• GIVEN ENTRIES:

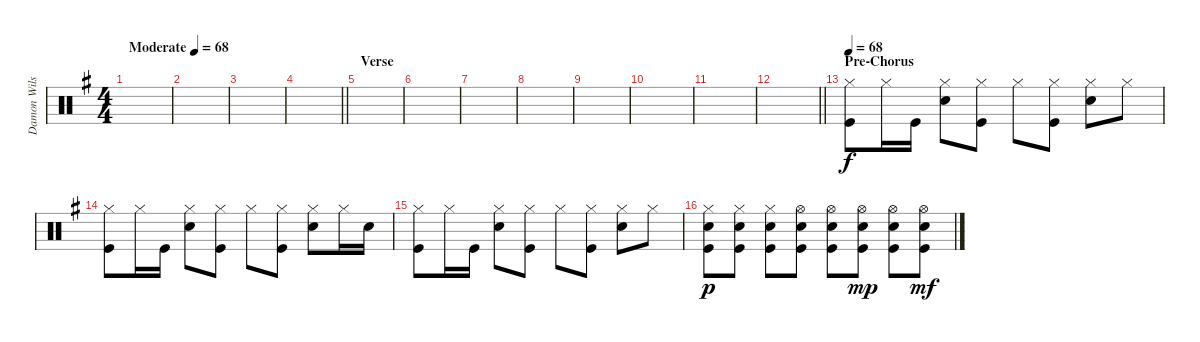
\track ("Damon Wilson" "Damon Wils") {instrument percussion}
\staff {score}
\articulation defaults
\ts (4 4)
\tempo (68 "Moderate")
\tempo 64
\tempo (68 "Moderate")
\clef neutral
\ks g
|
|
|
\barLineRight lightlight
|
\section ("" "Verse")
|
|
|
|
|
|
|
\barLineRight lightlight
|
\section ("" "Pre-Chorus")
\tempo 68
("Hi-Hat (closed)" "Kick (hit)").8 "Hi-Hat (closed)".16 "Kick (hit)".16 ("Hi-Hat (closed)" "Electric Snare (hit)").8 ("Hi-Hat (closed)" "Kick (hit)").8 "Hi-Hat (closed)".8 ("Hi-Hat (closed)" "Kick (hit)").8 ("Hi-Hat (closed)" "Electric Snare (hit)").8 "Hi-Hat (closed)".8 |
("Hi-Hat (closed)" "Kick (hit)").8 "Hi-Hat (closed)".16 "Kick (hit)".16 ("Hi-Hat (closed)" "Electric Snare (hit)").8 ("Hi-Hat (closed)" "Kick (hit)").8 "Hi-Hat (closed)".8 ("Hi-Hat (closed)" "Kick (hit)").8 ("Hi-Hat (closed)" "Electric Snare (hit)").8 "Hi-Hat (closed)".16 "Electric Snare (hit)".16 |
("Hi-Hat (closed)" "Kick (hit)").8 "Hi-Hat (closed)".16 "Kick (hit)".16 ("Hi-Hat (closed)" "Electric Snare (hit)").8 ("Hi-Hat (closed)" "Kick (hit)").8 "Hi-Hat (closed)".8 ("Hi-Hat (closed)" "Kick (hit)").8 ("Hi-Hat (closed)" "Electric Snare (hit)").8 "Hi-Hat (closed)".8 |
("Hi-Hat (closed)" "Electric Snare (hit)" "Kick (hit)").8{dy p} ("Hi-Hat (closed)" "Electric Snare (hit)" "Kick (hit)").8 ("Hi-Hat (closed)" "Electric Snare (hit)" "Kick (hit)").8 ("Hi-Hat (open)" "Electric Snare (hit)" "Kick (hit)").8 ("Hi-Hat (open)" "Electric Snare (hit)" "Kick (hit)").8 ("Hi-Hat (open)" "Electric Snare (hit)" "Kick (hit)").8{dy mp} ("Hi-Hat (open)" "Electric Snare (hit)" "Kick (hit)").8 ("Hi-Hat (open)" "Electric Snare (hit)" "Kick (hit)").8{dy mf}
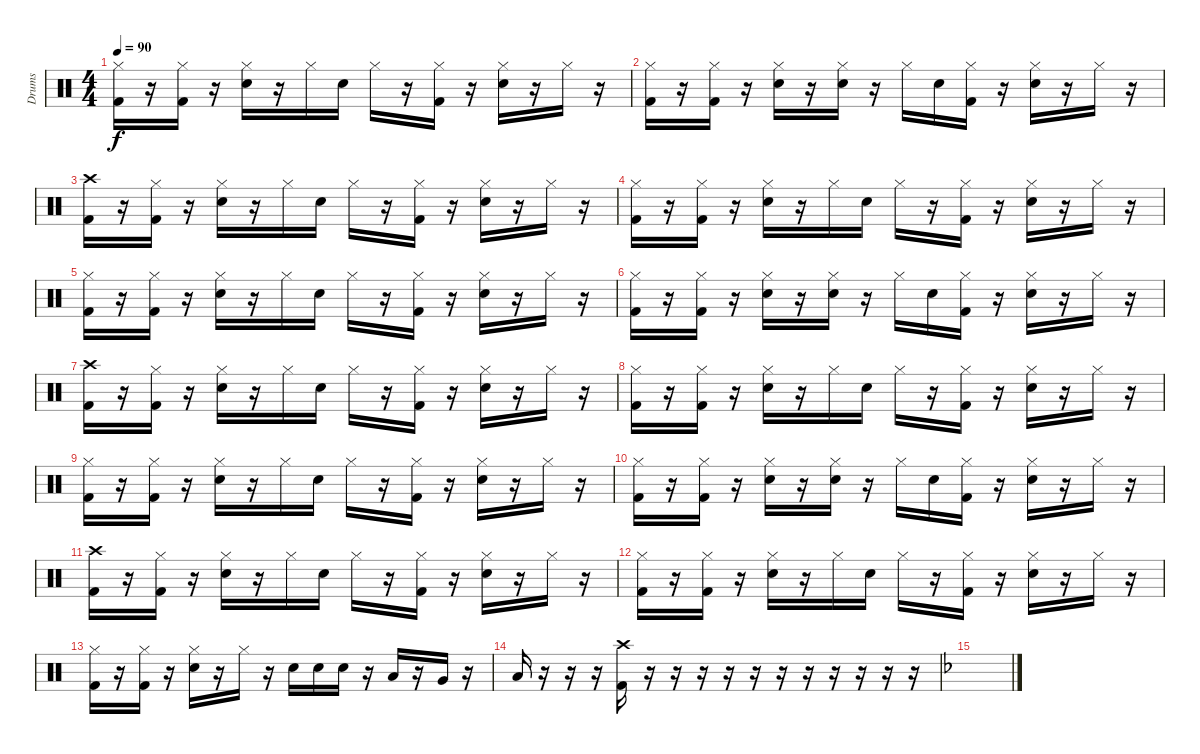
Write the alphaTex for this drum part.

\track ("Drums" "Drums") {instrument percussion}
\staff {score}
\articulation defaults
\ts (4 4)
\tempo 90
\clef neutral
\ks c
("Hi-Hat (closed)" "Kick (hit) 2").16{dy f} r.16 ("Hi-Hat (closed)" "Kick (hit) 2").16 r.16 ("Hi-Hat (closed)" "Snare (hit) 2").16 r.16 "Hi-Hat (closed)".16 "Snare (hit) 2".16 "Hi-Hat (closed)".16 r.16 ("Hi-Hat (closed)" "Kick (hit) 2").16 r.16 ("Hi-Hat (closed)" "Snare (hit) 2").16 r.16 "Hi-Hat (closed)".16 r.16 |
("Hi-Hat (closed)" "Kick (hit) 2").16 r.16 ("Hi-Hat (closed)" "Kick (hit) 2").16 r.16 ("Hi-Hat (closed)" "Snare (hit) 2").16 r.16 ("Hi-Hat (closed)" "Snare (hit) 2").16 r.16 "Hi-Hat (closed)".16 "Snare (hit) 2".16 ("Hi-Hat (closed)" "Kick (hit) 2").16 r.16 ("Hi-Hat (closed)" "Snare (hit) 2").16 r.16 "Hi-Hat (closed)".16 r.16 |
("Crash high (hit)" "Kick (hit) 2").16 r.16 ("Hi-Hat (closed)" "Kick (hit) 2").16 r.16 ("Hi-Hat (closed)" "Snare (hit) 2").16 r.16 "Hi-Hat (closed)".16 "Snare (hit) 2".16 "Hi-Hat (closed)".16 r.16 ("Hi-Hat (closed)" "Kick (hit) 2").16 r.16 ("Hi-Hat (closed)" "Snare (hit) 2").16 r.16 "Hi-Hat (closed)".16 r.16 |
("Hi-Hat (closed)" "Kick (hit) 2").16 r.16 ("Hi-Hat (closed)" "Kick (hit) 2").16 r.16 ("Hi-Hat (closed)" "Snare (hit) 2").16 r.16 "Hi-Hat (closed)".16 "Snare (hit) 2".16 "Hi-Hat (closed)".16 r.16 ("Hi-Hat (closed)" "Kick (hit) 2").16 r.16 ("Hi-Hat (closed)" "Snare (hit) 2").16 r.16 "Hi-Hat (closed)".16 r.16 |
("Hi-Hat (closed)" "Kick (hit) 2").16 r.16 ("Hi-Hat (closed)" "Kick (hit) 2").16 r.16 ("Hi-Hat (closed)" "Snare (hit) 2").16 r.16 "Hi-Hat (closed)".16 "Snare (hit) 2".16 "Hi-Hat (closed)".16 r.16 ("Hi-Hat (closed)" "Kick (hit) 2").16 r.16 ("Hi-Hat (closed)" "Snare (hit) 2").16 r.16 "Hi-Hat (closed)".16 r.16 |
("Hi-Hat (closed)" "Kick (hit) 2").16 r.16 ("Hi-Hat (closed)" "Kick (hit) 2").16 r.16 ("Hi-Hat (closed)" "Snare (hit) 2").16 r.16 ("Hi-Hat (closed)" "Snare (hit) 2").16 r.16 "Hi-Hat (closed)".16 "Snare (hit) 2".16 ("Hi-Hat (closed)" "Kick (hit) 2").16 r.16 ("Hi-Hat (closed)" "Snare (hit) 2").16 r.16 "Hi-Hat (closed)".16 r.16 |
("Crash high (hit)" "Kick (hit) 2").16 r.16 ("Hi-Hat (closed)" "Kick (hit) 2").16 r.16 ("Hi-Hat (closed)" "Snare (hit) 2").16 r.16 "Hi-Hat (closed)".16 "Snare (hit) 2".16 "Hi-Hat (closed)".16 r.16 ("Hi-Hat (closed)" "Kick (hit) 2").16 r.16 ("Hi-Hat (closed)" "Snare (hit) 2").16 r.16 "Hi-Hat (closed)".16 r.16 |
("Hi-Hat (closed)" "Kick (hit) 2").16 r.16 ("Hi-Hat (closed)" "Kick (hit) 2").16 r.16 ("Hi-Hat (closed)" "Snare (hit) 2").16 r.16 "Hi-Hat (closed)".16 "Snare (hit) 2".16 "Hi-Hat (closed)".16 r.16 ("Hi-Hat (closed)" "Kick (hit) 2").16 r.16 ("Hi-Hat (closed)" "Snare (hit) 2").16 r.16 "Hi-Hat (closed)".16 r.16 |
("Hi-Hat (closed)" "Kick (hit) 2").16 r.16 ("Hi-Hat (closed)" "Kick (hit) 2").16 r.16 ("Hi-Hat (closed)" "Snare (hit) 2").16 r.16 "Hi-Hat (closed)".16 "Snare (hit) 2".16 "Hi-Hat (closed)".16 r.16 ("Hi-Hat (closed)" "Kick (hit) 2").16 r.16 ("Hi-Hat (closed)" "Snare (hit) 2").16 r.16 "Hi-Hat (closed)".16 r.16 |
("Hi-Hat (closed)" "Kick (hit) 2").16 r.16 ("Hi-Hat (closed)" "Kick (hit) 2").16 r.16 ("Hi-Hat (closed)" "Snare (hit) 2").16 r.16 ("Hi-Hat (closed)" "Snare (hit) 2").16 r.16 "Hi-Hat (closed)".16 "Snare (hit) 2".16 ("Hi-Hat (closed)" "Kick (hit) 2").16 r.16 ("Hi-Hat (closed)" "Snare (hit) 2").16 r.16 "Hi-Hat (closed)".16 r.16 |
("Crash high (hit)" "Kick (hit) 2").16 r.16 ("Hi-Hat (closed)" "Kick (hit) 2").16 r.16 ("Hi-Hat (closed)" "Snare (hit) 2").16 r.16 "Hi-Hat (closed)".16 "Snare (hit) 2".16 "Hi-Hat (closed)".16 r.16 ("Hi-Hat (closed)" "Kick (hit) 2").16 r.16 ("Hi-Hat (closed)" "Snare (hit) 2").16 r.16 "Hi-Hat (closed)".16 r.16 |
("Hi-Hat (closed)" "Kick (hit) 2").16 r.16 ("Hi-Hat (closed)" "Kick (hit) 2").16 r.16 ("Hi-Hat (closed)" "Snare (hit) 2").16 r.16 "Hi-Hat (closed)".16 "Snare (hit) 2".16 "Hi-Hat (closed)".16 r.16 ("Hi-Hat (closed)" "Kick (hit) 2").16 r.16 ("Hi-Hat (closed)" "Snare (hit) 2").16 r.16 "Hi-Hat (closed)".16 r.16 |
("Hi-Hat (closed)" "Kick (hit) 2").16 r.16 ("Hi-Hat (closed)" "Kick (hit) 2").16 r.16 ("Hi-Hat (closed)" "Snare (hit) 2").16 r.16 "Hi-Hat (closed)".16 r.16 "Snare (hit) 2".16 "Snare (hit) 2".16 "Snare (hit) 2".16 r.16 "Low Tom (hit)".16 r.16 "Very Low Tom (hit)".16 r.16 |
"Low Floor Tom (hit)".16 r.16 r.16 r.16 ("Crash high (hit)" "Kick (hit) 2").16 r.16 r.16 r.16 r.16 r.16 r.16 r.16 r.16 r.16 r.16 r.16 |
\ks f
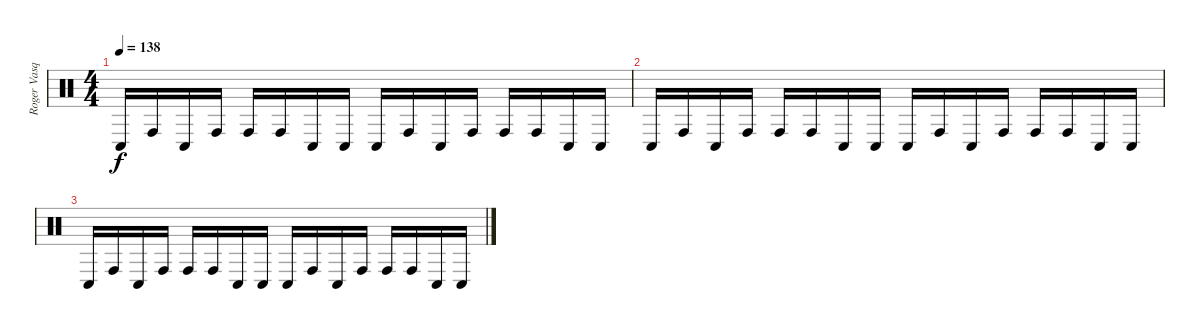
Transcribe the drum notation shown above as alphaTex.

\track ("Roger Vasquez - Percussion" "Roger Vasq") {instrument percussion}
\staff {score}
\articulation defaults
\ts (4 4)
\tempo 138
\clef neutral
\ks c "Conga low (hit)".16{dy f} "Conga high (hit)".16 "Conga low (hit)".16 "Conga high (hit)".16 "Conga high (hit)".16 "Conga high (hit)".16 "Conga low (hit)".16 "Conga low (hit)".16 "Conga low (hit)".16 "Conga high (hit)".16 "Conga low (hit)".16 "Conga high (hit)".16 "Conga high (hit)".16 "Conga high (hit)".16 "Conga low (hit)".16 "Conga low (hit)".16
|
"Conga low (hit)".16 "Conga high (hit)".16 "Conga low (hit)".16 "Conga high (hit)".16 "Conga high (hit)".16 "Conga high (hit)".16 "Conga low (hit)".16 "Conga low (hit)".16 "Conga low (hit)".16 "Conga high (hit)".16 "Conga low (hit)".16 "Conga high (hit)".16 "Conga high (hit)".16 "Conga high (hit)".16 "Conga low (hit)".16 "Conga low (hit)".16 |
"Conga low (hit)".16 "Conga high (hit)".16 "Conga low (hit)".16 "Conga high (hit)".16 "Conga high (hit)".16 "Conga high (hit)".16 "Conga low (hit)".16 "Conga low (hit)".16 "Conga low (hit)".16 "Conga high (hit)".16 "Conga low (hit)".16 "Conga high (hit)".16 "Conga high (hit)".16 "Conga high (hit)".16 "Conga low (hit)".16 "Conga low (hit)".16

• PROBLEM:
Find the word "track" in the material, then list each line that holds it.

• WRITTEN RESPONSE:
\track ("Damon Wilson" "Damon Wils") {instrument percussion}
\track ("Drums" "Drums") {instrument percussion}
\track ("Roger Vasquez - Percussion" "Roger Vasq") {instrument percussion}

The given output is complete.